4.4. Results Discussion

The proposed method with large parameter $\alpha$ provides a fast $SoC$ convergence of batteries, however, it suffers from high energy consumption. It can be clearly observed from Figure 11b that, when approaching the balance, excess energy is dissipated on the shunt resistance. The energy consumption of the artificial potential field method under three different parameters is shown in

Table 1. Energy consumption of shunt resistor.

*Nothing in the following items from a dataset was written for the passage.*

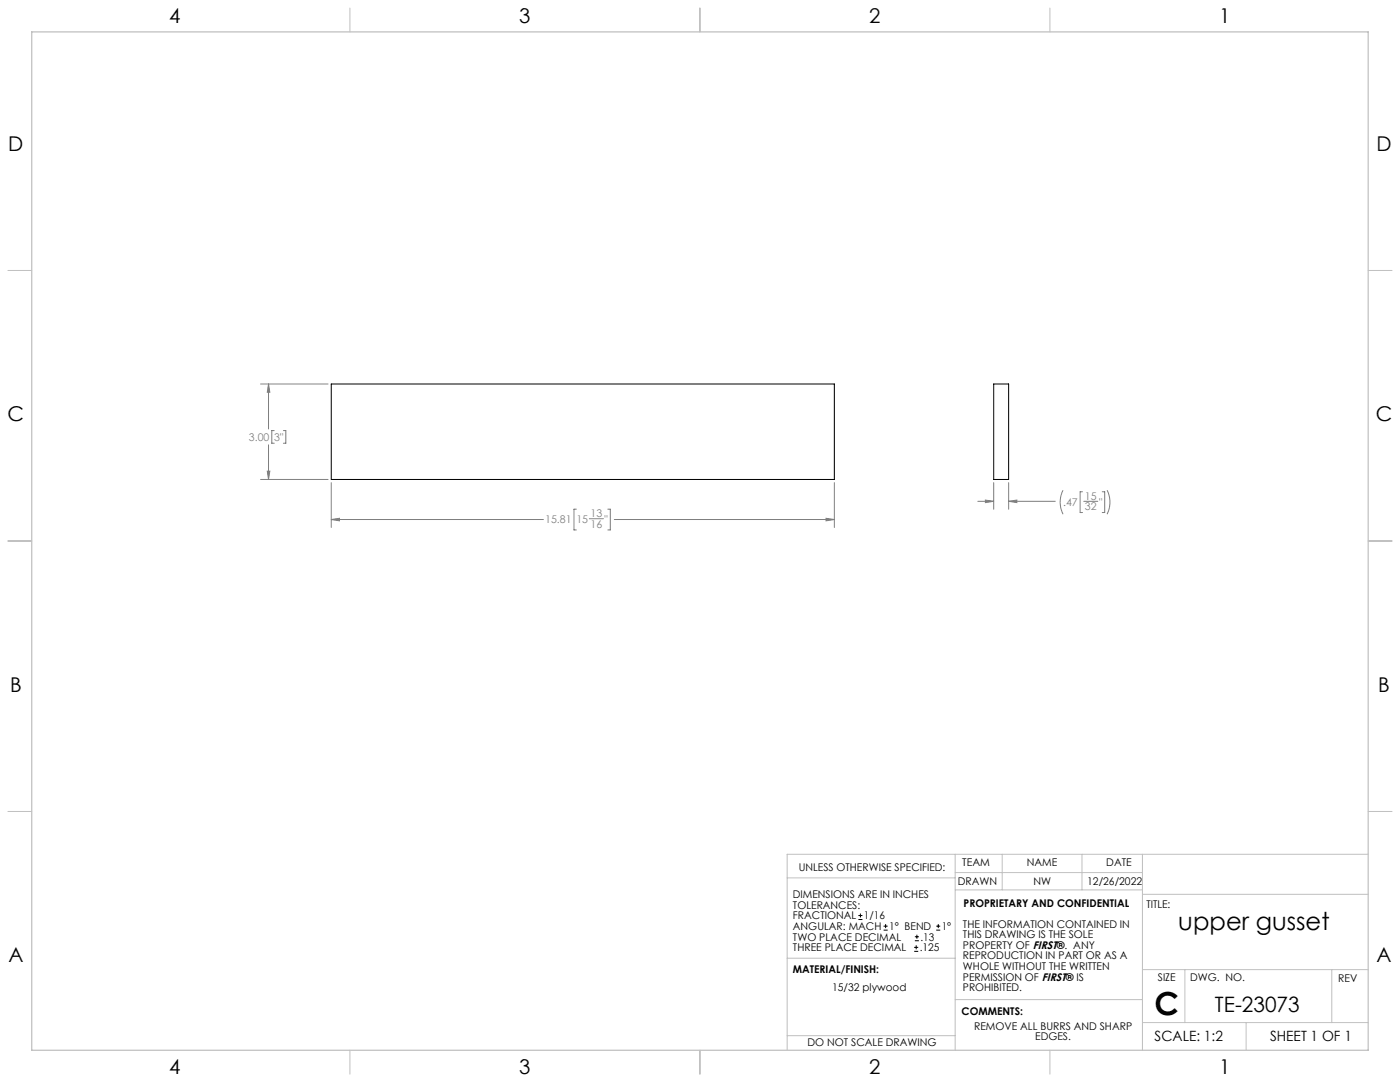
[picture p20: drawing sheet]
<svg xmlns="http://www.w3.org/2000/svg" width="559mm" height="432mm" viewBox="0 0 559 432" stroke-linecap="round" stroke-linejoin="round" font-family="sans-serif">
<defs><g id="words">
<text font-size="12.7" x="460.9" y="405.2">C</text>
<text font-size="9.9" x="470.3" y="371.2">upper gusset</text>
<text font-size="8.5" x="484.9" y="404">TE-23073</text>
<g font-size="8.1">
<text x="67.6" y="9.3">4</text>
<text x="207.3" y="9.3">3</text>
<text x="347" y="9.3">2</text>
<text x="486.7" y="9.3">1</text>
<text x="3.3" y="60.1">D</text>
<text x="549.4" y="60.1">D</text>
<text x="3" y="168">C</text>
<text x="549.1" y="168">C</text>
<text x="4" y="276">B</text>
<text x="550.1" y="276">B</text>
<text x="3.3" y="383.9">A</text>
<text x="549.4" y="383.9">A</text>
<text x="67.6" y="428.4">4</text>
<text x="207.3" y="428.4">3</text>
<text x="347" y="428.4">2</text>
<text x="486.7" y="428.4">1</text>
</g>
<g font-size="5.6">
<text x="460.9" y="415.2">SCALE: 1:2</text>
<text x="507" y="415.2">SHEET 1 OF 1</text>
</g>
<g font-size="4.2" fill="#808080">
<text x="99.3" y="176">3.00</text>
<text x="109.5" y="176">3&quot;</text>
<text x="424.3" y="201.7">.47</text>
<text x="433" y="199.4">15</text>
<text x="433" y="203.6">32</text>
<text x="438.7" y="201.7">&quot;</text>
<text x="217.6" y="208.7">15.81</text>
<text x="230.1" y="208.7">15</text>
<text x="235.7" y="206.4">13</text>
<text x="241.3" y="208.7">&quot;</text>
<text x="235.7" y="210.6">16</text>
</g>
<g font-size="4.2">
<text x="318.8" y="347.7">UNLESS OTHERWISE SPECIFIED:</text>
<text x="384.1" y="345.5">TEAM</text>
<text x="409.9" y="345.7">NAME</text>
<text x="441.6" y="345.7">DATE</text>
<text x="382.3" y="353.3">DRAWN</text>
<text x="412.5" y="353.3">NW</text>
<text x="434" y="353.3">12/26/2022</text>
<text x="316.5" y="358.5">DIMENSIONS ARE IN INCHES</text>
<text x="316.5" y="362.7">TOLERANCES:</text>
<text x="384.6" y="361.9">PROPRIETARY AND CONFIDENTIAL</text>
<text x="457.6" y="362.3">TITLE:</text>
<text x="316.5" y="371.2">ANGULAR: MACH</text>
<text x="316.5" y="366.9">FRACTIONAL</text>
<text x="344.8" y="366.9">1/16</text>
<text x="354.9" y="371.2">1° BEND</text>
<text x="375.9" y="371.2">1°</text>
<text x="384.4" y="370.2">THE INFORMATION CONTAINED IN</text>
<text x="316.5" y="375.4">TWO PLACE DECIMAL</text>
<text x="367.4" y="375.4">.13</text>
<text x="384.4" y="374.4">THIS DRAWING IS THE SOLE</text>
<text x="316.5" y="379.6">THREE PLACE DECIMAL</text>
<text x="367.1" y="379.6">.125</text>
<text x="384.4" y="378.6">PROPERTY OF FIRST®. ANY</text>
<text x="384.4" y="382.9">REPRODUCTION IN PART OR AS A</text>
<text x="316.5" y="388.4">MATERIAL/FINISH:</text>
<text x="384.4" y="387.1">WHOLE WITHOUT THE WRITTEN</text>
<text x="332.2" y="395.6">15/32 plywood</text>
<text x="384.4" y="391.3">PERMISSION OF FIRST® IS</text>
<text x="384.4" y="395.6">PROHIBITED.</text>
<text x="462.2" y="391.3">SIZE</text>
<text x="475.1" y="391.3">DWG. NO.</text>
<text x="534.1" y="391.8">REV</text>
<text x="383.8" y="405.1">COMMENTS:</text>
<text x="388.8" y="410.9">REMOVE ALL BURRS AND SHARP</text>
<text x="322.3" y="417.6">DO NOT SCALE DRAWING</text>
<text x="413.2" y="415.2">EDGES.</text>
</g>
</g></defs>
<g fill="none" stroke="#c0c0c0" stroke-width=".4">
<path d="M139.7 3.2v9.5M279.4 3.2v9.5M419.1 3.2v9.5M3.1 107.9h9.6M546.1 107.9h9.5M3.1 215.9h9.6M546.1 215.9h9.5M3.1 323.8h9.6M546.1 323.8h9.5M314.2 350.3h67M381.2 340.9v78.2M381.2 355.1h74.8"/>
<path d="M381.2 348.2h74.8M400 340.9v14.2M431.9 340.9v14.2M456 340.9v78.2M456 356.9h90.1M546.1 340.9h-231.9v78.2M314.2 382.4h67.2M381.2 398.9h74.8M456 387h90.1M472.9 387v21.1M531.6 387v21.1M139.7 419.1v9.6"/>
<path d="M279.4 419.1v9.6M314.2 413.3h67M419.1 419.1v9.6M456 408.1h90.1M497.4 408.1v11"/>
</g>
<path d="M12.7 12.7h533.4v406.4h-533.4z" fill="none" stroke="#c0c0c0" stroke-width=".5"/>
<path d="M132.2 153.2h200.8v38.1h-200.8zM396.6 153.2h6v38.1h-6z" fill="none" stroke="#000" stroke-width=".4"/>
<g fill="none" stroke="#808080" stroke-width=".4">
<path d="M104 153.2h27M107.2 153.2l.5 3.3h-1zM107.2 153.2v18M107.2 177.5v13.8M109.5 171.8h-1v5.1h1M113.1 171.8h1v5.1h-1M104 191.3h27M106.7 188h1l-.5 3.3zM132.2 192.6v17.9M333 192.6v17.9M393.3 199.6l3.3 .5-3.3 .5zM396.6 192.6v10.6"/>
<path d="M402.6 192.6v10.6M424.3 195.6a10.7 10.7 0 0 0 0 9.6M432.1 196.3h-1v8.2h1M439.9 196.3h1v8.2h-1M441.9 195.6a10.7 10.7 0 0 1 0 9.6M132.2 207.3l3.3-.5v1.1zM132.2 207.3h84.7M230 203.2h-.9v8.3h.9M235.2 207h5.6M242.6 203.2h1v8.3h-1M245.2 207.3h87.8M329.7 206.8l3.3 .5-3.3 .6z"/>
<path d="M390.3 200.1h6.3M402.6 200.1h18.6M402.6 200.1l3.3-.5v1zM432.6 200.1h5.6"/>
</g>
<path d="M132.2 207.3l3.3-.5v1.1zM329.7 206.8l3.3 .5-3.3 .6zM107.2 153.2l.5 3.3h-1zM106.7 188h1l-.5 3.3zM393.3 199.6l3.3 .5-3.3 .5zM402.6 200.1l3.3-.5v1z" fill="#808080"/>
<g fill="none" stroke="#000" stroke-width=".4">
<path d="M342.6 367h1.6M342.6 365.4h1.6M343.4 364.6v1.5M352.7 371.2h1.6M352.7 369.6h1.6M353.5 368.8v1.6M364.9 379.7h1.6M364.9 378.1h1.6M365.2 375.4h1.6M365.2 373.8h1.6M365.7 377.3v1.5M366 373v1.6"/>
<path d="M373.7 371.2h1.6M373.7 369.6h1.6M374.5 368.8v1.6"/>
</g>
<use href="#words"/>
</svg>
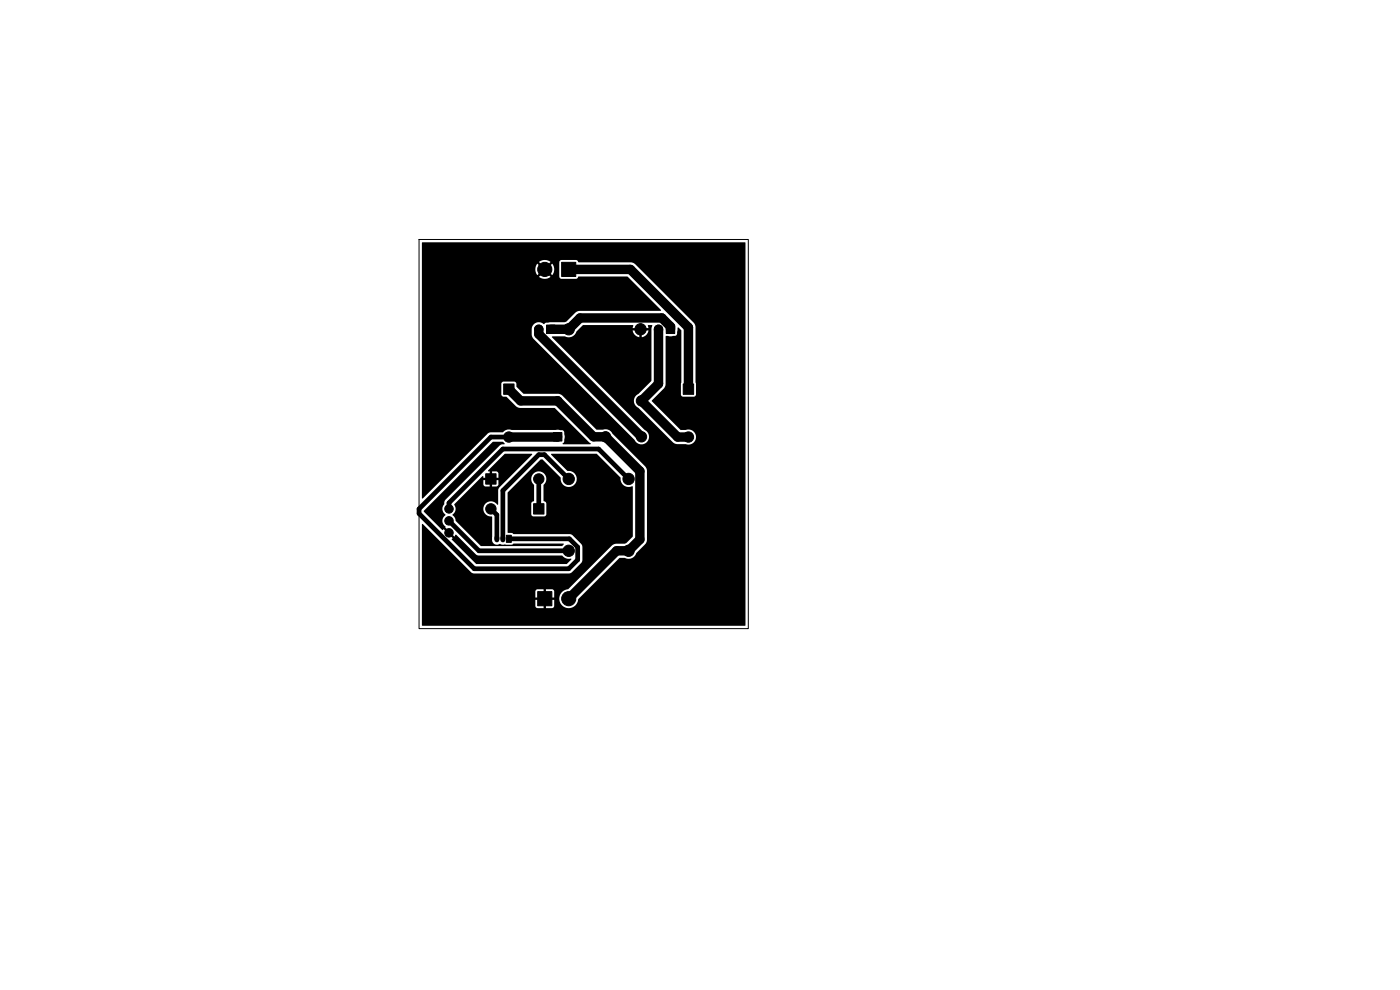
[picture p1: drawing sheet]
<svg xmlns="http://www.w3.org/2000/svg" width="297mm" height="210mm" viewBox="0 0 297 210" stroke-linecap="round" stroke-linejoin="round" font-family="sans-serif">
<path d="M88.9 50.8h69.8v82.6h-69.8z" fill="none" stroke="#000" stroke-width=".21"/>
<g fill="#000" stroke="#000" stroke-width=".21">
<path d="M119.1 55.6h3.1v3.1h-3.1zM115.9 69h1.8v1.7h-1.8zM141.3 69h1.8v1.7h-1.8zM106.8 81.4h2.3v2.3h-2.3zM117.4 91.8h1.8v1.8h-1.8zM144.9 81.4h2.3v2.3h-2.3zM103 100.5h2.2v2.2h-2.2zM107.4 113.5h1.1v1.6h-1.1zM113.2 106.8h2.2v2.3h-2.2zM114.1 125.5h3v3h-3z"/>
<circle cx="115.6" cy="57.1" r="1.5"/>
<circle cx="114.3" cy="69.8" r=".9"/>
<circle cx="120.7" cy="69.8" r="1.2"/>
<circle cx="135.9" cy="69.8" r="1.2"/>
<circle cx="139.7" cy="69.8" r=".9"/>
<circle cx="107.9" cy="92.7" r="1.1"/>
<circle cx="118.3" cy="85" r=".9"/>
<circle cx="128.5" cy="92.7" r="1.1"/>
<circle cx="136.1" cy="85" r="1.1"/>
<circle cx="136.1" cy="92.7" r="1.1"/>
<circle cx="146" cy="92.7" r="1.1"/>
<circle cx="95.2" cy="110.5" r=".9"/>
<circle cx="95.2" cy="113" r=".9"/>
<circle cx="95.2" cy="107.9" r=".9"/>
<circle cx="104.1" cy="107.9" r="1.1"/>
<circle cx="114.3" cy="101.6" r="1.1"/>
<circle cx="120.7" cy="101.6" r="1.2"/>
<circle cx="120.7" cy="116.8" r="1.2"/>
<circle cx="133.4" cy="116.8" r="1.2"/>
<circle cx="133.4" cy="101.6" r="1.2"/>
<circle cx="120.6" cy="127" r="1.5"/>
</g>
<path d="M105.4 114.1v.4M106.7 114.1v.4" fill="none" stroke="#000" stroke-width="1.1"/>
<path d="M107.9 92.7h-3.8l-15.2 15.3v.9l11.7 11.8h20l1.9-1.9v-2.7l-1.7-1.8h-12.9M95.2 110.5l6.4 6.3h19M104.1 108l1.3 1.2v5.1M114.3 101.6v6.4M120.6 101.6l-5.1-5.2h-1.2l-7.6 7.7v10.2M133.3 101.6l-6.3-6.3h-20.3l-11.5 11.4v1.3" fill="none" stroke="#000" stroke-width="1"/>
<path d="M120.6 57.2h13.1l12.3 12.3v13.1M114.3 69.9v1l21.8 21.8M116.8 69.9h3.8l2.5-2.5h17.3l1.8 1.9v.6M139.7 69.9v11.5l-3.6 3.6 7.7 7.7h2.2M107.9 82.6l2.5 2.4h7.9l7.6 7.7h2.6l7.3 7.2v14.5l-2.5 2.4h-2.5l-10.2 10.2M118.3 92.7h-10.4" fill="none" stroke="#000" stroke-width="2"/>
<path d="M89.5 51.5h68.6v81.2h-68.5l-.1-4.2h24.1l.4 .5h1.3v-1.3h.5v1.3h1.3l.3-.1 .2-.4v-1.3h-1.3v-.4h1.3v-1.4l-.5-.4h-1.3v1.3h-.5v-1.3h-1.3l-.3 .1-.1 .4v1.3h1.3v.4h-1.3v1.3h-24.1l.1-17.4 10.4 10.3 .3 .2 20.4 .1 .7-.4 2.1-2.2 .1-3.1-.3-.6-1.9-1.9-.6-.2h-11.8l-.4-.2-.9-.1v-8.5l2.9-2.9h2.1l.2 .7 .4 .6v3.3l-.6 .5v2.5l.4 .3h2.4l.4-.3v-2.4l-.1-.3-.5-.3v-3.4a1.6 1.6 0 0 0-.3-2.6 1.6 1.6 0 0 0-2.3 1.4h-2.1l4.2-4.1h.3l3.8 3.8a1.73 1.73 0 0 0 1.6 2 1.73 1.73 0 0 0 1.9-1.8 1.73 1.73 0 0 0-2.1-1.6l-3.4-3.4v-.2h9.7l5 5a1.81 1.81 0 0 0 2.6 1.9v10.6l-1.4 1.4-2.2 .2-.7 .3-9.4 9.3a2.01 2.01 0 0 0-1.8 2.1 2.01 2.01 0 0 0 2 1.9 2.01 2.01 0 0 0 2-1.9l8.7-8.7h1.2a1.72 1.72 0 0 0 2.4-1.1l1.9-1.9 .3-.8v-14.9l-.4-.9-6.9-6.8a1.64 1.64 0 0 0-2-.8l-1.4-.1-7.5-7.4-.8-.2h-7.1l-1.5-1.4-.1-.8-.2-.3h-2.6l-.3 .3v2.6l.3 .2 .7 .1 2.2 2.1 .8 .2 7.3 .1 7.6 7.5-.1 .1h-5.8v-.2l.3-.3 .1-1.1-.2-1.1-.3-.2-10.8-.1a1.73 1.73 0 0 0-1.9 .5h-2.5l-.6 .2-13.8 13.8h-.2v-34.9h23.3l.1 .6 .4 .6 21.3 21.3a1.61 1.61 0 0 0 2.6 .5 1.61 1.61 0 0 0-.5-2.6l-19.6-19.7 .1-.1h2.7a1.72 1.72 0 0 0 2.4-1.1l1.4-1.3h10.5l.2 .1-.2 .5h1.1v.5h-1.1a1.69 1.69 0 0 0 1.4 1.4v-1.1h.5v1.1h.2a1.7 1.7 0 0 0 1.3-1.4h-1.2v-.5h1.2l-.1-.6h.8l-.1 .8v10.9l-2.8 2.9a1.61 1.61 0 0 0-.9 1.5 1.61 1.61 0 0 0 .9 1.4l7.4 7.4 .8 .3h1.9a1.61 1.61 0 0 0 2.2-1.5 1.61 1.61 0 0 0-2.2-1.5h-1.2l-6-6.1 2.6-2.8 .3-.6 .1-10.4a3.4 3.4 0 0 0 2.3-.3l.1-1.4 .2-.2 .6 .7v13.7l.3 .3h2.5l.4-.4-.1-14.2-.2-.7-12.6-12.7-.9-.4-11.1-.1-.5-.4h-3.3l-.3 .3v3.3l.3 .3 3.2 .1 .6-.5h10.3l7.1 7v.2l-17.3 .1-.8 .3-1.9 1.9-.3 .1-3.3 .1-.8 .1-.4 .3a1.53 1.53 0 0 0-1.6-.4 1.53 1.53 0 0 0-1 1.4v1h-23.3v-13.6h24.1v.5l.4 .7 .9-.9 .3 .3-.9 .9 .2 .1a1.99 1.99 0 0 0 2.3-.1l-.9-.9 .4-.3 .9 .9a1.98 1.98 0 0 0 0-2.5l-.9 .9-.4-.3 .9-.9a1.98 1.98 0 0 0-2.5 0l.9 .9-.3 .3-.9-.9-.4 .7v.6h-24.1zM89.9 108.3l14.6-14.6h2.1l.4 .3v.2l-.6 .1-.5 .3-11.4 11.4-.3 1a1.52 1.52 0 0 0 .3 2.2 1.53 1.53 0 0 0 0 2.6v.1l.6 .6-.3 .4-.7-.7-.3 .2-3.9-3.8zM102.3 101h.2v.4h1.1l.1 .4h-1.2v1l.3 .3 1.1 .1v-1.1h.5v1.1l1.1-.1 .2-.3v-1h-1.1v-.4h1.1v-1.1l-.4-.3h-.9v1.1h-.5v-1.1l-.4-.1 3.6-3.6h5.8l-7.1 7.2-.1 .5-.1 3.1a1.63 1.63 0 0 0-2.8 0 1.63 1.63 0 0 0 1.3 2.5l.3 .1v4.9a1.11 1.11 0 0 0 1.7 .8l.6 .2 1.9-.1 .4-.2h10.5l.1 .1-.4 .4h-17.1l-5.4-5.3a1.5 1.5 0 0 0-.7-1.2 1.73 1.73 0 0 0 .4-2.3zM95.7 113.2l.7 .6 .2-.4h.2l4.1 4.2 .5 .2 17.9 .1a1.93 1.93 0 0 0 1.9 .6v.2l-1 .9h-19.1l-5.2-5.1 .1-.3-.6-.7z" fill="#000"/>
</svg>

Case	Energy Consumption (wh)	Convergence Time (s)	Charing Time (s)
Conventional method $\alpha =0$	10.18	2748	2748
$\alpha =20$	9.71	1197	2547
$\alpha =2000$	10.43	418	2547

. As can be seen from the table, when the parameter $\alpha$ is large, the energy consumption of the system is also high, even greater than that of the traditional control method. In practice, a concave function mapping energy consumption and parameter $\alpha$ can be derived. An optimal $\alpha$ can be obtained by solving the concave function.

5. Conclusions

This paper proposes an artificial potential field-based $SoC$ equilibrium algorithm for battery charging system. Firstly, a cyber-physical model of the battery equalization system is proposed, in which the physical layer models the circuit components and the cyber layer represents the communication topology between the batteries. Then, $SoC$ state error of different batteries is defined as a new virtual distance, then virtual potential force is constructed based on the virtual distance for each battery cell. The charging current is adaptively adjusted through force mapping. Experimental results demonstrate the proposed algorithm can realize the rapid balance among batteries during charging process.